### What you have to do
Output nothing but the lines from the first line of the listing below through the line containing "Image width covers 99.7°.", printed exactly and free of pictures.

#### Given entries ####

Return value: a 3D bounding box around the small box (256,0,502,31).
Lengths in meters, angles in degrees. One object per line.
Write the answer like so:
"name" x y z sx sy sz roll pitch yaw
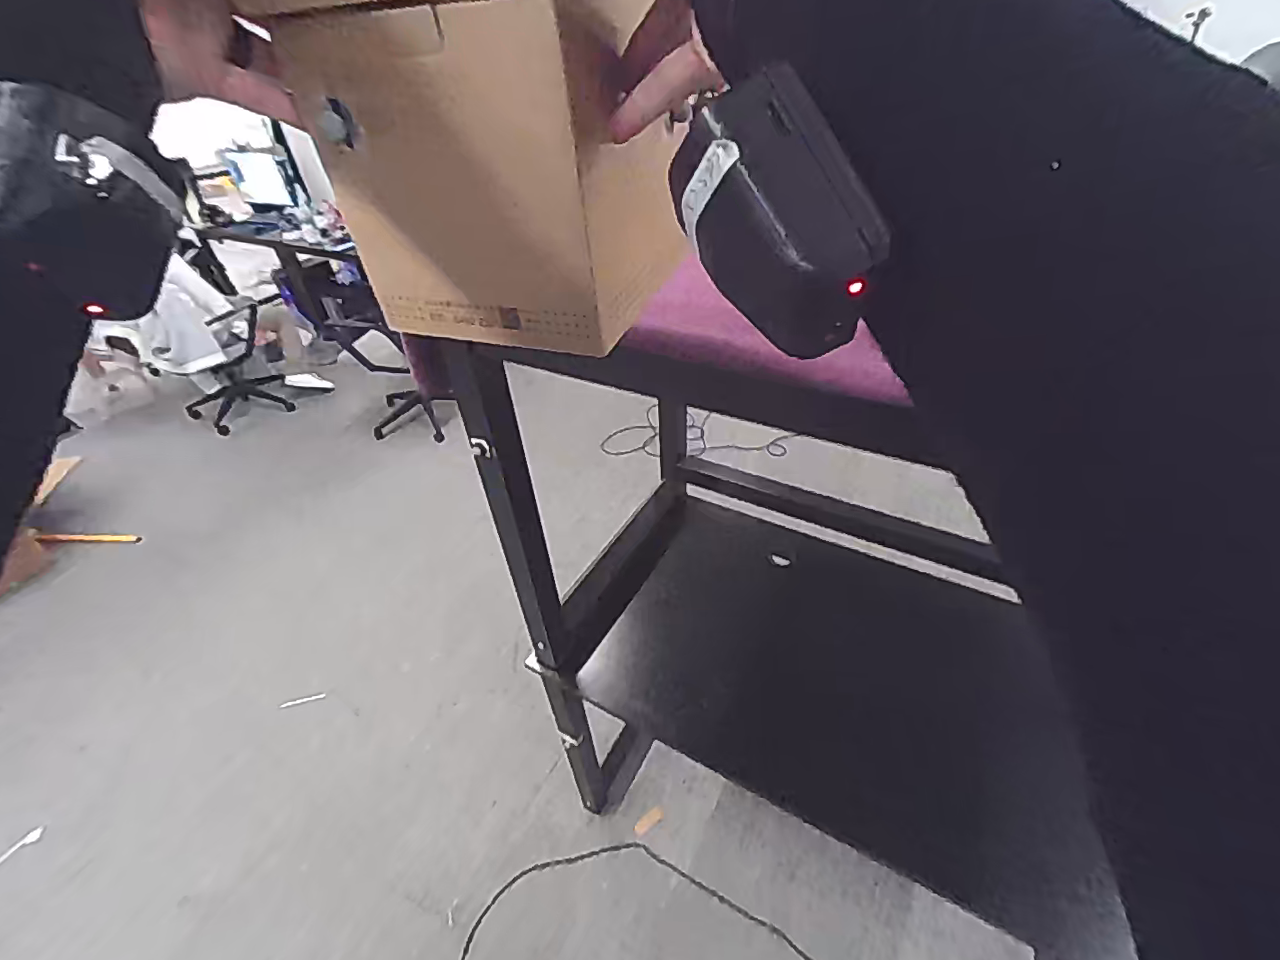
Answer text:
"small box" -0.093 -0.327 0.246 0.179 0.176 0.168 8 45 16
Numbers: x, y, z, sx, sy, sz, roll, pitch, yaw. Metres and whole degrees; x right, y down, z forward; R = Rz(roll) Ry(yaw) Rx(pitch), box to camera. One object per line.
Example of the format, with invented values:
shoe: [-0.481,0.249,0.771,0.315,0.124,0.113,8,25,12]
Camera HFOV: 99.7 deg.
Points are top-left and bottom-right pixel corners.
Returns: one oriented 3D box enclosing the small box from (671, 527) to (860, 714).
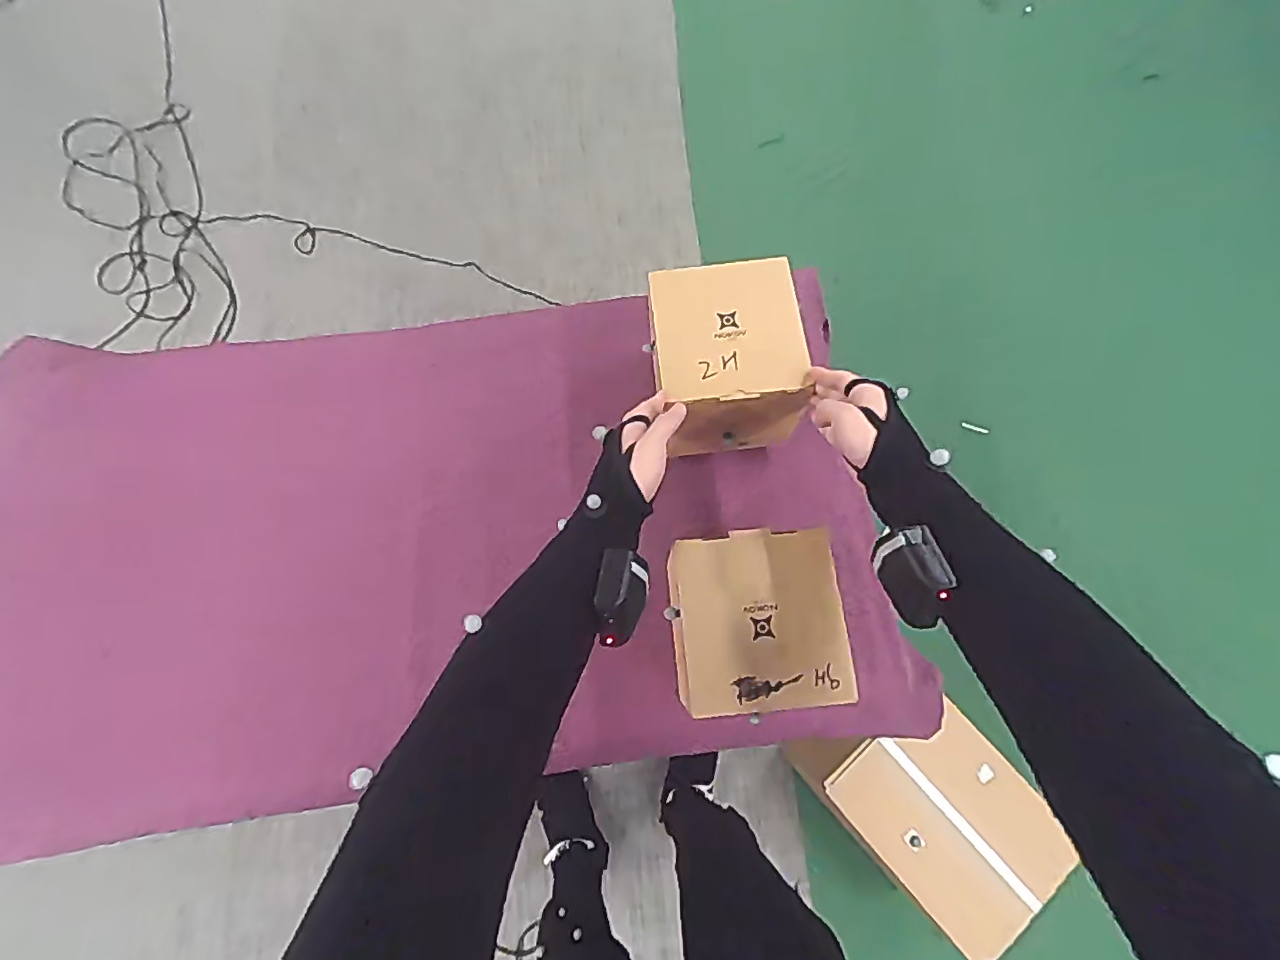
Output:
small box: [0.126,0.162,0.621,0.168,0.176,0.179,-5,73,0]

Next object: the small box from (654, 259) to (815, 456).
small box: [0.106,-0.146,0.686,0.168,0.176,0.179,-6,72,2]
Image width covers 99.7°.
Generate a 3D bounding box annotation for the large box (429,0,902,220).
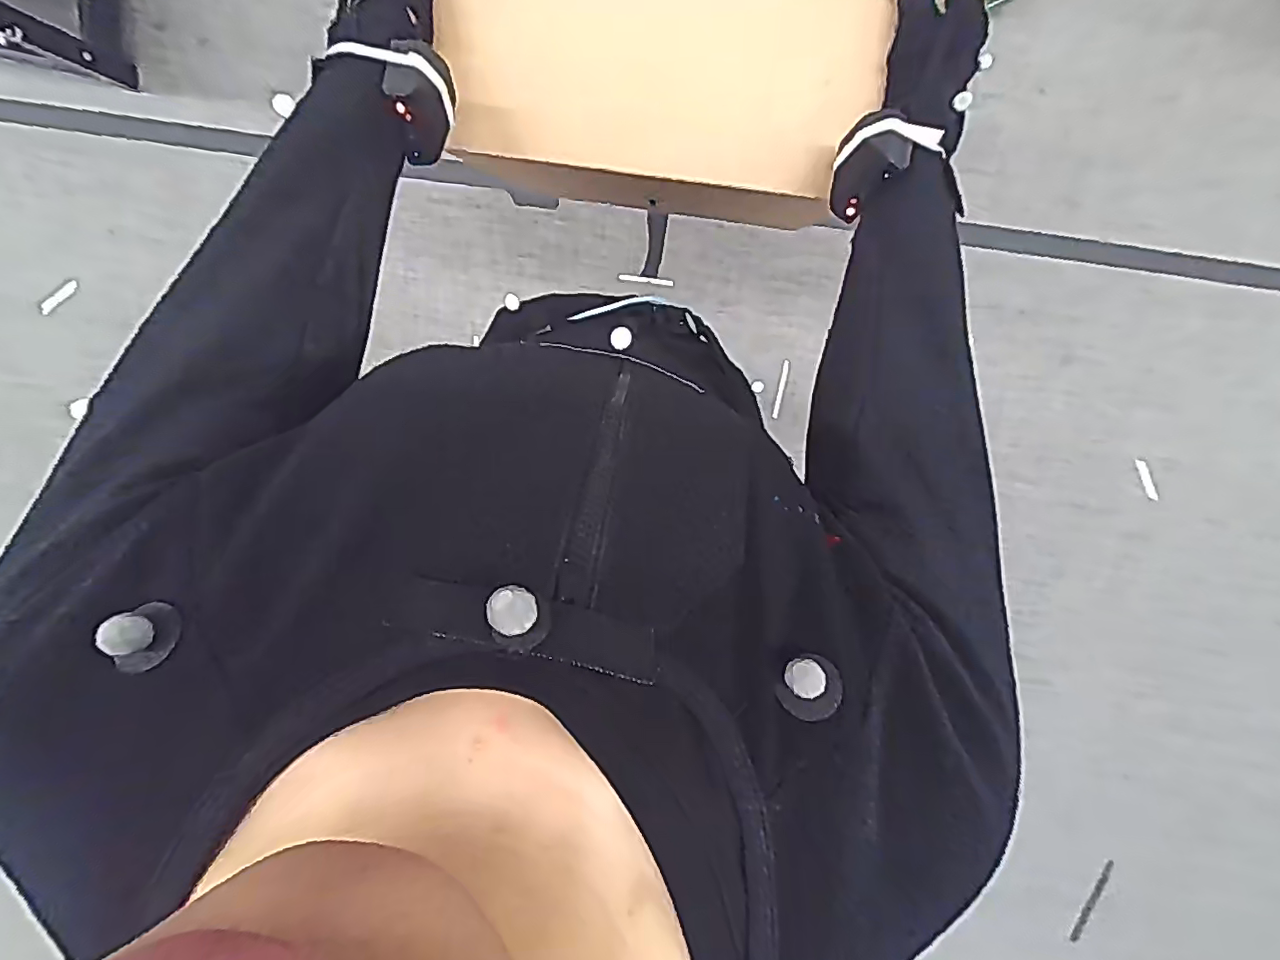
[{"bbox_3d":[0.035,-0.481,0.583,0.408,0.320,0.320,9,110,1],"label":"large box"}]
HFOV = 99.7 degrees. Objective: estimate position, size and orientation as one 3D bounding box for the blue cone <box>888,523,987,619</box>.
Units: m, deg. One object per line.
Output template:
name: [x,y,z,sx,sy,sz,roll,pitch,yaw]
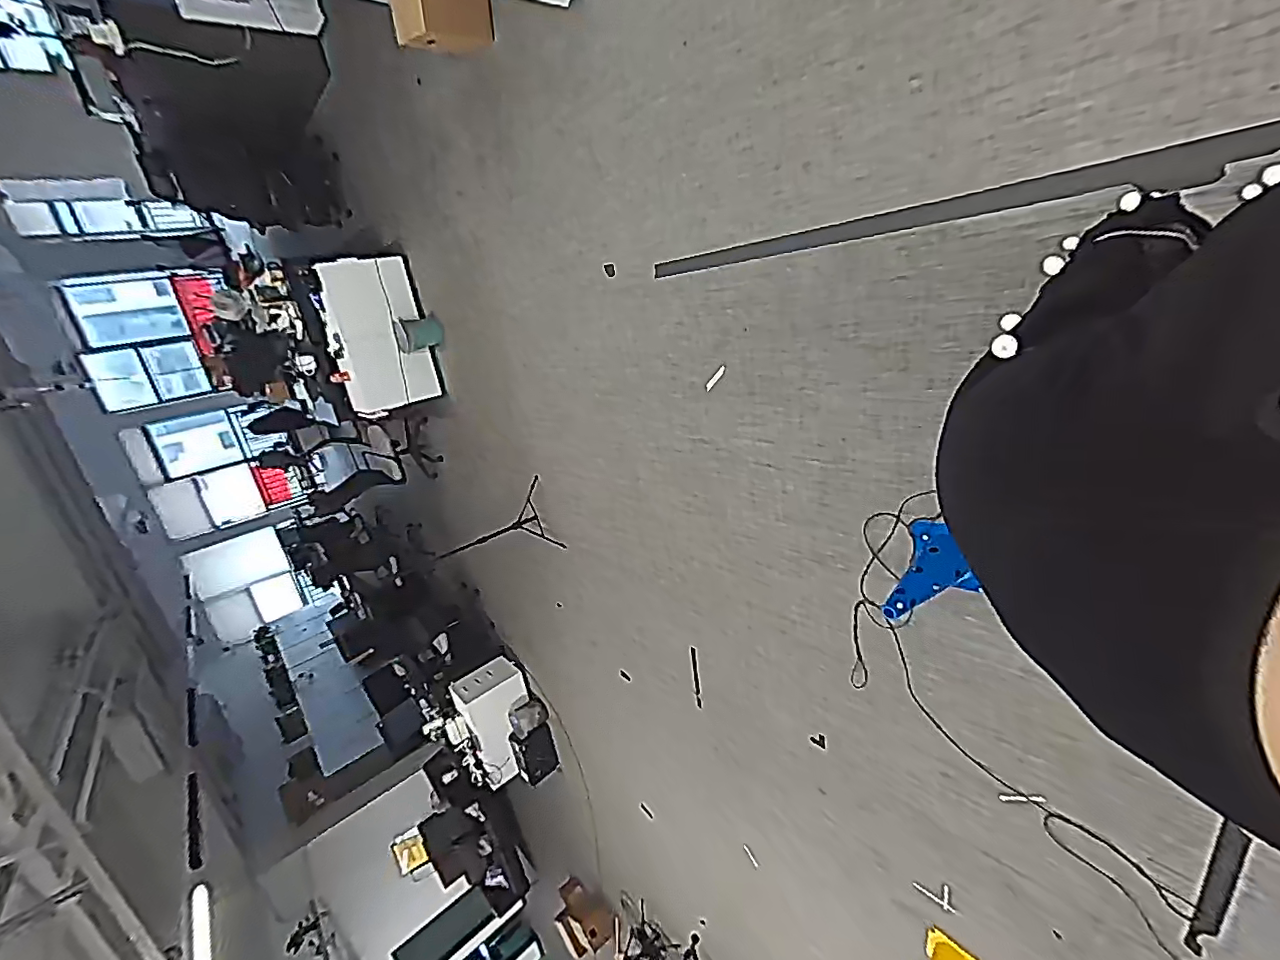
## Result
blue cone: [0.769,0.271,1.464,0.192,0.380,0.193,7,115,51]
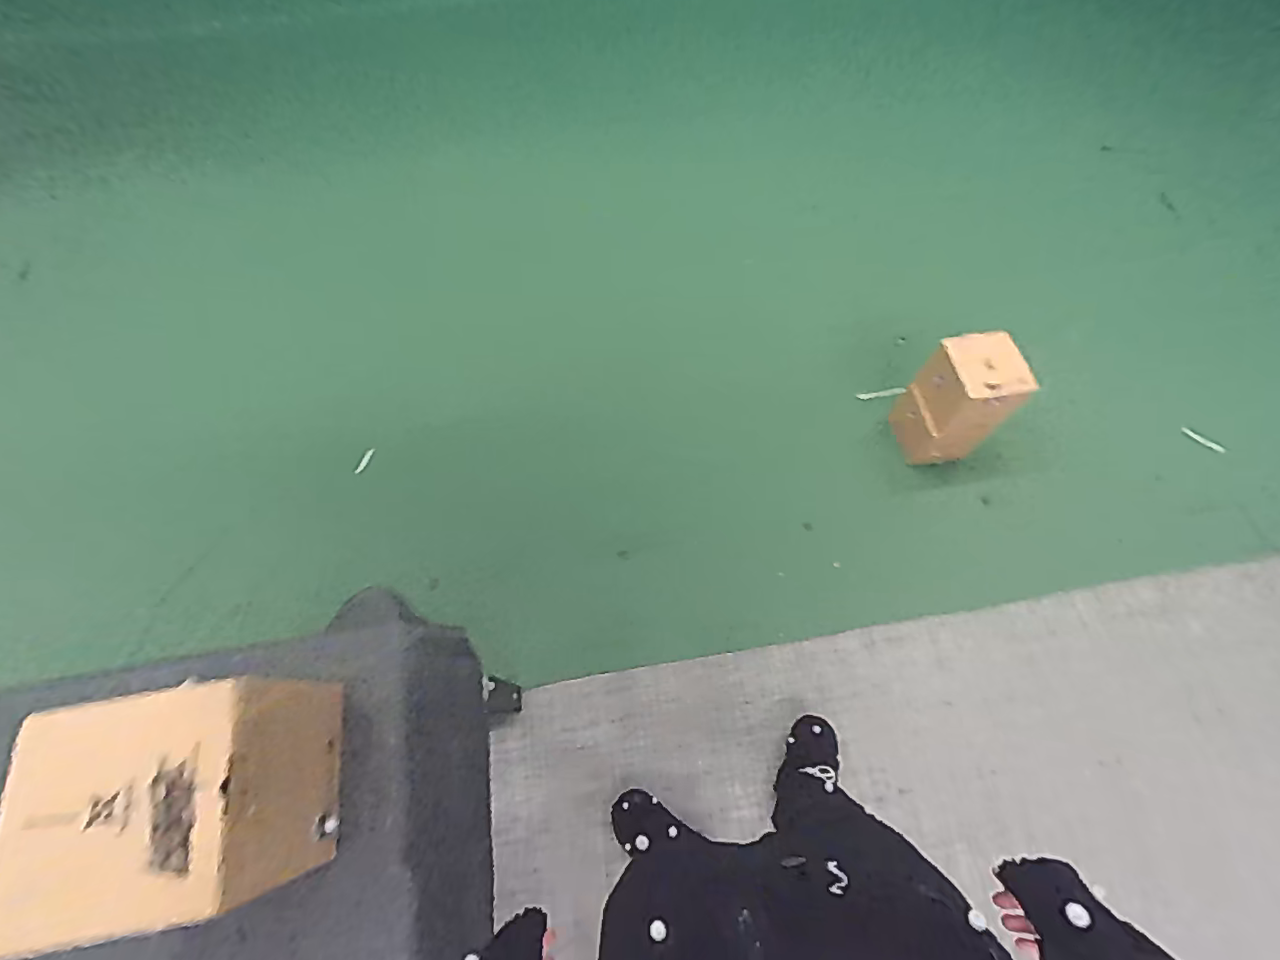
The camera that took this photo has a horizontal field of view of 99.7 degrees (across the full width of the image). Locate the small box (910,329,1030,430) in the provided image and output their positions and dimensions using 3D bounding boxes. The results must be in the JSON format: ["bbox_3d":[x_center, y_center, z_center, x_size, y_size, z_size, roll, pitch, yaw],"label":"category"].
[{"bbox_3d":[0.812,-0.248,1.356,0.168,0.176,0.179,-9,64,-2],"label":"small box"}]

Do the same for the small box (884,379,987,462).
[{"bbox_3d":[0.809,-0.172,1.501,0.168,0.176,0.179,-9,66,-2],"label":"small box"}]

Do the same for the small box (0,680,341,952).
[{"bbox_3d":[-0.402,0.284,0.495,0.179,0.176,0.168,-10,67,-2],"label":"small box"}]

####

### Problem solution
Return value: a 3D bounding box around the small box (256,0,502,31).
Lengths in meters, angles in degrees. One object per line.
Write the answer like so:
"name" x y z sx sy sz roll pitch yaw
Answer text:
"small box" -0.093 -0.327 0.246 0.179 0.176 0.168 8 45 16
Numbers: x, y, z, sx, sy, sz, roll, pitch, yaw. Metres and whole degrees; x right, y down, z forward; R = Rz(roll) Ry(yaw) Rx(pitch), box to camera. One object per line.
Example of the format, with invented values:
shoe: [-0.481,0.249,0.771,0.315,0.124,0.113,8,25,12]
Camera HFOV: 99.7 deg.
Points are top-left and bottom-right pixel corners.
Returns: one oriented 3D box enclosing the small box from (671, 527) to (860, 714).
Output:
small box: [0.126,0.162,0.621,0.168,0.176,0.179,-5,73,0]

Next object: the small box from (654, 259) to (815, 456).
small box: [0.106,-0.146,0.686,0.168,0.176,0.179,-6,72,2]
Image width covers 99.7°.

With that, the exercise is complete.